News:

Masm32 SDK description, downloads and other helpful links
Message to All Guests
NB: Posting URL's See here: Posted URL Change

Main Menu

Instruction clock cycles, latency, throughput..

Started by K_F, May 26, 2015, 04:57:38 PM

Previous topic - Next topic

K_F

Does anyone know if there's a summarised version of Intel's instruction cycles..
I've seen the Latency and Throughput documentation, and it's a 'mess' -

I'm just looking for a table of instructions and their cycle times of the latest cpus....  this seems to be amiss lately
Thanks
'Sire, Sire!... the peasants are Revolting !!!'
'Yes, they are.. aren't they....'

rrr314159

Agner Fog is the classic optimizer.

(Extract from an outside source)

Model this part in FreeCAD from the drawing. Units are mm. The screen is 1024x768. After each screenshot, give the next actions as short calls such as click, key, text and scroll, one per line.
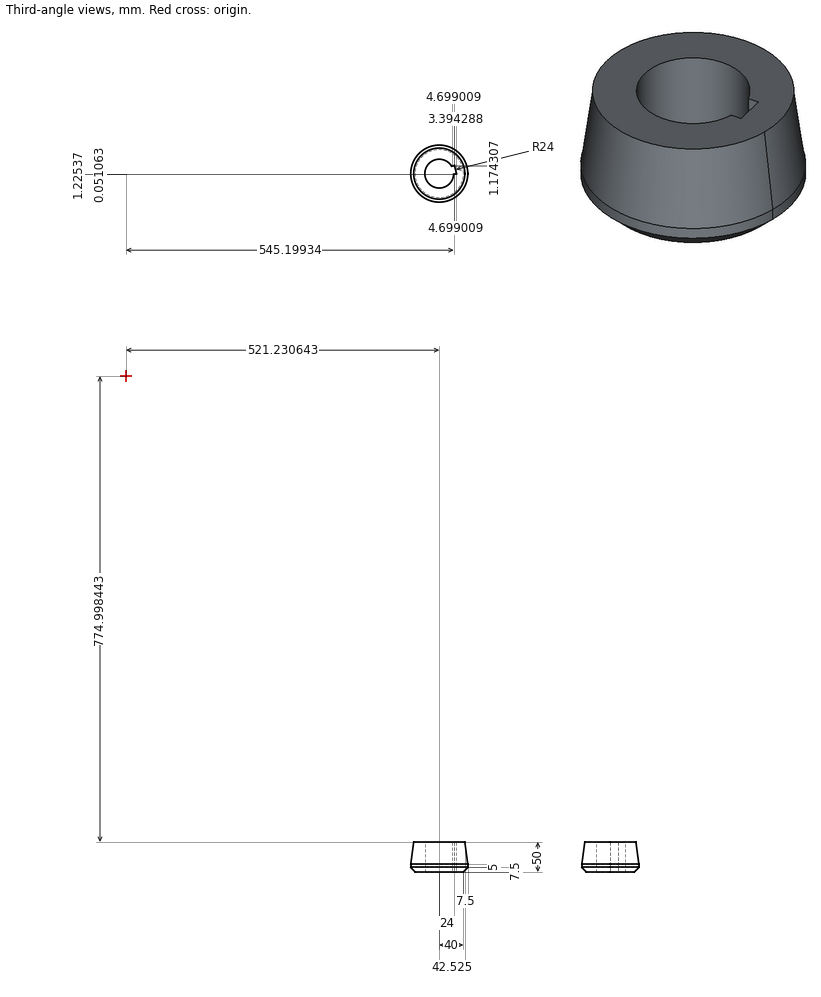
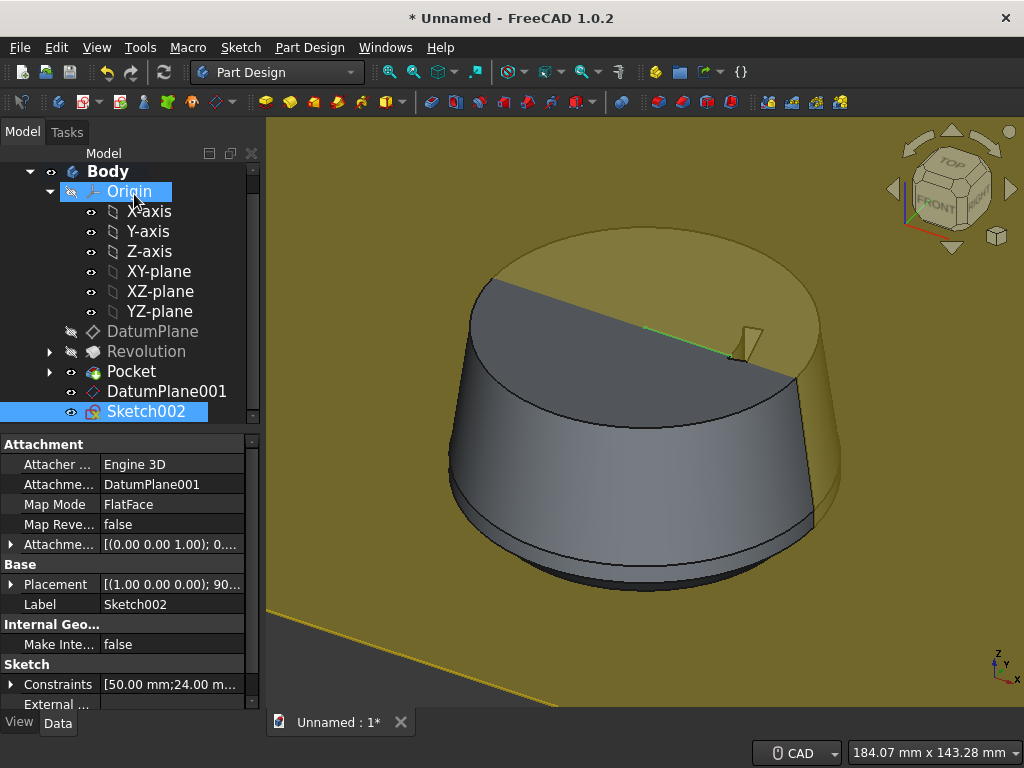
click(480, 102)

Unfortunately his manuals haven't been updated since 2007, no doubt there are newer / better summaries of instruction times available somewhere, when u find them let me know.

Here is his instruction_tables manual online (pdf).

At this page you can download the instruction_tables manual and the other four optimization manuals, which are also very good.
I am NaN ;)

hutch--

Van,

Clock cycle counts went out the door with the 486 with more than 1 pipeline. The action is in "scheduling" and using the preferred instruction set (back door RISC) and knowing the occasional trickery if you need to use one of the old instructions that was dumped into microcode. You can often "schedule" an old slow instruction in the shadow of a previous instruction that leaves a hole (time wise) and get most of its duration for free.

K_F

Ja, I realise that.. but wanted to check the actual cycles without any optimisations ..ect.

Thanks  rrr314159
8)

'Sire, Sire!... the peasants are Revolting !!!'
'Yes, they are.. aren't they....'

hutch--

If you can suffer it, the real deal is to learn which instructions are optimal in terms of speed and which have been dropped into microcode. Of late the SSE series of instructions are getting into the fastest silicon, the simpler range of integer instructions live in the fast lane but most of the older complex instructions are sliding backwards in performance terms. I have not touched the very late AVX range as my i7 is too old but the SSE range that I have available seems to run at one speed and there is little optimisation available, usually choosing the best instruction for the task is the best you can do. The simpler integer instructions still respond to pairing but from practice, techniques like unrolling often does not yield a speed increase on late hardware. As usual the best technique is determined by the clock, write it, time it and see which is the fastest.